I think partly it is because I do, deep down, feel that any career outside academia does, indeed, represent a waste of the seven years I spent in graduate school. This is not because I did not come out of grad school with skills that an employer may or will value. It is because the quality of that appreciation is quite likely to be different from my own, and because what such an employer is likely to value are things I did not need to attend grad school to obtain. When I look at my new resume, I see a long list of practical skills, like "Used PowerPoint to enhance public presentations" or "Developed a database using Excel to track student performance" or even "Produced analytical summaries of others' performance and writing," that really have very little relation to grad school beyond context. I never took a class in PowerPoint while in grad school -- did you? I figured out how to make an Excel spreadsheet for tracking my students' assignment and participation grades on my own. I do not remember more than the most informal instruction in how to contact an archivist, arrange an interview and begin working through the documents; most of this I figured out on my own, albeit in response to the impetus created by classes and professors' assignments. I am presuming that these are the sorts of things that make me valuable to future employers -- my skill set and my ability to add to it on my own initiative -- but did I need to go to grad school to obtain them?

What I did learn in grad school -- as a matter of formal training -- covered the writing of historiographic essays, learning how to parse arguments quickly and accurately, how to identify a school of thought, and more specific information about trends in ideas. My minor field exams required knowledge of a general topic area and of scholars' arguments about it. So too for the orals, with the added ingredient of knowing where to situate myself and my work within that larger body of knowledge.
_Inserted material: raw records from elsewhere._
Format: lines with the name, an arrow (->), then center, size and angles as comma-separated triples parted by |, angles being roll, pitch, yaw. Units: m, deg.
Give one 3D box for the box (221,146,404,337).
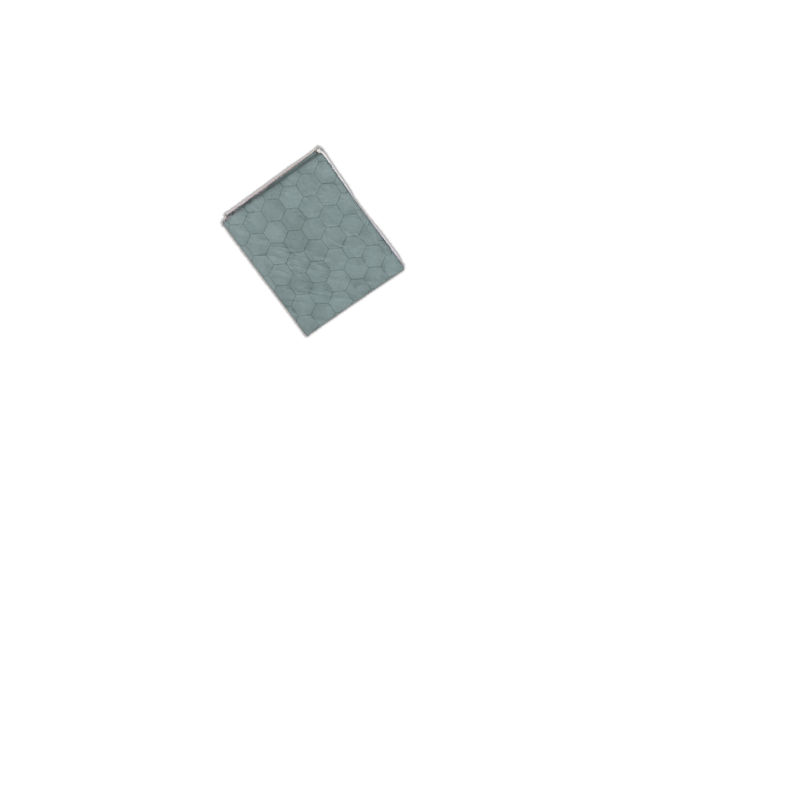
box -> -0.052, -0.095, 0.665 | 0.073, 0.087, 0.031 | -35, 10, 6
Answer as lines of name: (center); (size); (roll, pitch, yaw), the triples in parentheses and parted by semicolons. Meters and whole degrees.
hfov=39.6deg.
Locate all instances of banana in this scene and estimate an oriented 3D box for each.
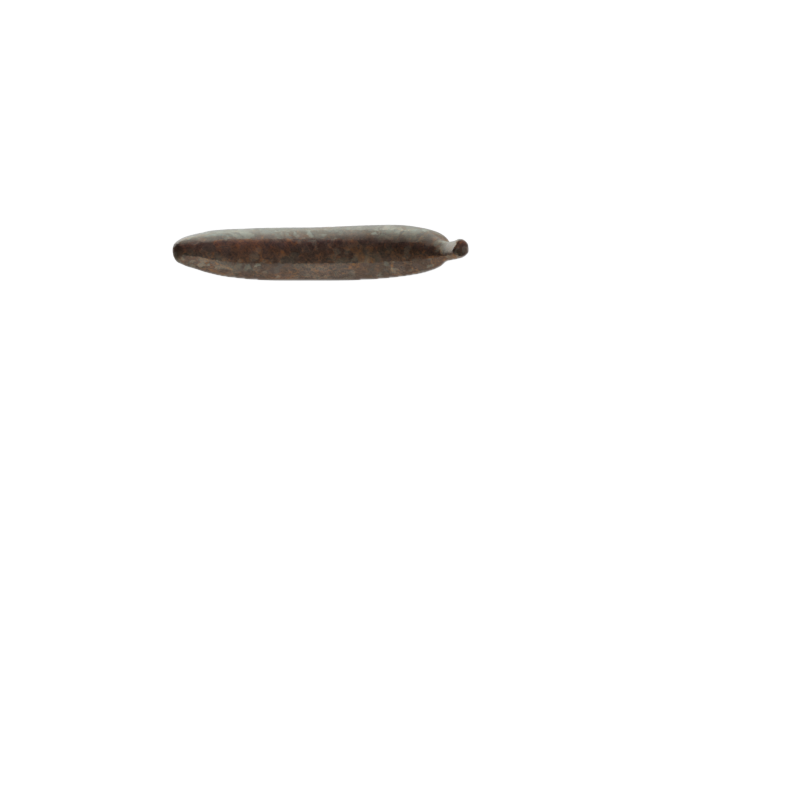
banana: (-0.053, -0.104, 0.759); (0.200, 0.038, 0.067); (-1, -10, 8)
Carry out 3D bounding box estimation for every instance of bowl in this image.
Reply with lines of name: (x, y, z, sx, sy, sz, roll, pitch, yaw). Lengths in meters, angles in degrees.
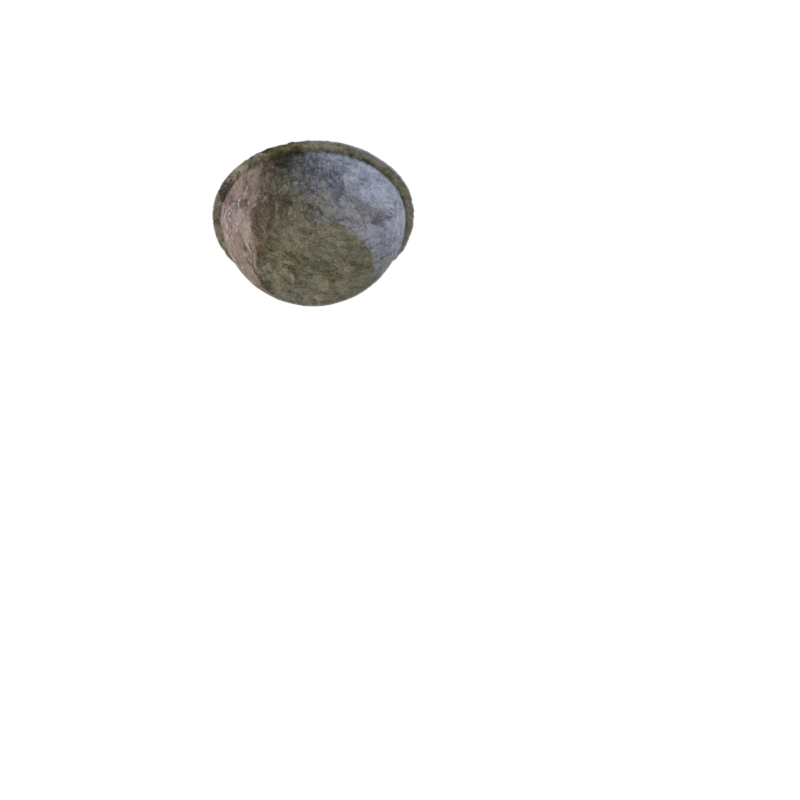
bowl: (-0.068, -0.124, 0.866, 0.162, 0.059, 0.151, 1, -42, -1)

These things, to me, were the real essence of grad school, the knowledge that I could not obtain working alone. Will a future employer find these abilities as valuable?
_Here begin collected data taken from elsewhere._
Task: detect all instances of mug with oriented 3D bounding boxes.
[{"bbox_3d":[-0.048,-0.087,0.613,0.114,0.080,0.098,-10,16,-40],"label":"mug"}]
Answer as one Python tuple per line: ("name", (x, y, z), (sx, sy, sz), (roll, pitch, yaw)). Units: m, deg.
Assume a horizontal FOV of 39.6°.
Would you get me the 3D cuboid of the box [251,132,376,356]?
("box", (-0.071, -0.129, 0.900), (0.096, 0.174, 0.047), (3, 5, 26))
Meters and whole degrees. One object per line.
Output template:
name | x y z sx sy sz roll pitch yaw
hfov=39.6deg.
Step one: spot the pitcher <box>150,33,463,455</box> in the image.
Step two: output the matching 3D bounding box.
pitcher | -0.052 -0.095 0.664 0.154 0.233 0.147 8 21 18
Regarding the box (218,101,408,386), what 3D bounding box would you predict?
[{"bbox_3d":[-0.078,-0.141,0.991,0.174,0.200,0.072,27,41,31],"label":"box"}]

When I hear these arguments about the value of my degree to employers, the analogy that comes first to mind is that of a person wearing an antique pin that belonged to a much loved relative from the time she was a girl, and which was given to the person when she was thirteen and scared about entering high school. She meets someone in an elevator while wearing the pin, and that person says, "Hey, nice pin. How much is it worth?" Both would agree that the pin is valuable -- but do they share the same sense of value?




{edit} Kevin's post is actually helpful; I don't want to give the impression that I'm including it among the mindlessly chirpy optimists. (Indeed, Kevin takes care to distance himself from that kind of fluff.) I'm not in a space where I can fully appreciate it yet, but other folks might be.